- **Instructions for the task**: From the first line to the last, set down the material exactly, leaving out its pictures.

- **Information**:
_ _ _
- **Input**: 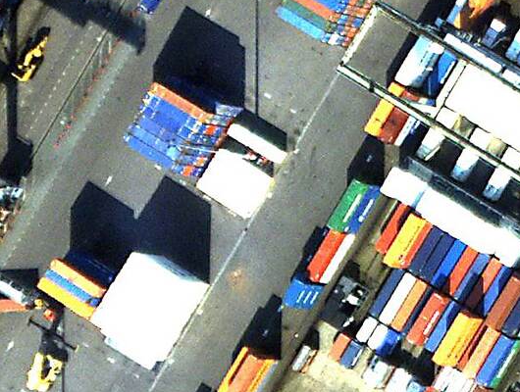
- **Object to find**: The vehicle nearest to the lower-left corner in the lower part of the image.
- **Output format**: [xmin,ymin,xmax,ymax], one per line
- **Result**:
[17,328,73,392]
_ _ _
- **Task output**:
- **Input**: 
- **Object to find**: The vehicle nearest to the lower-left corner in the lower part of the image.
- **Output format**: [xmin,ymin,xmax,ymax], one per line
- **Result**:
[17,328,73,392]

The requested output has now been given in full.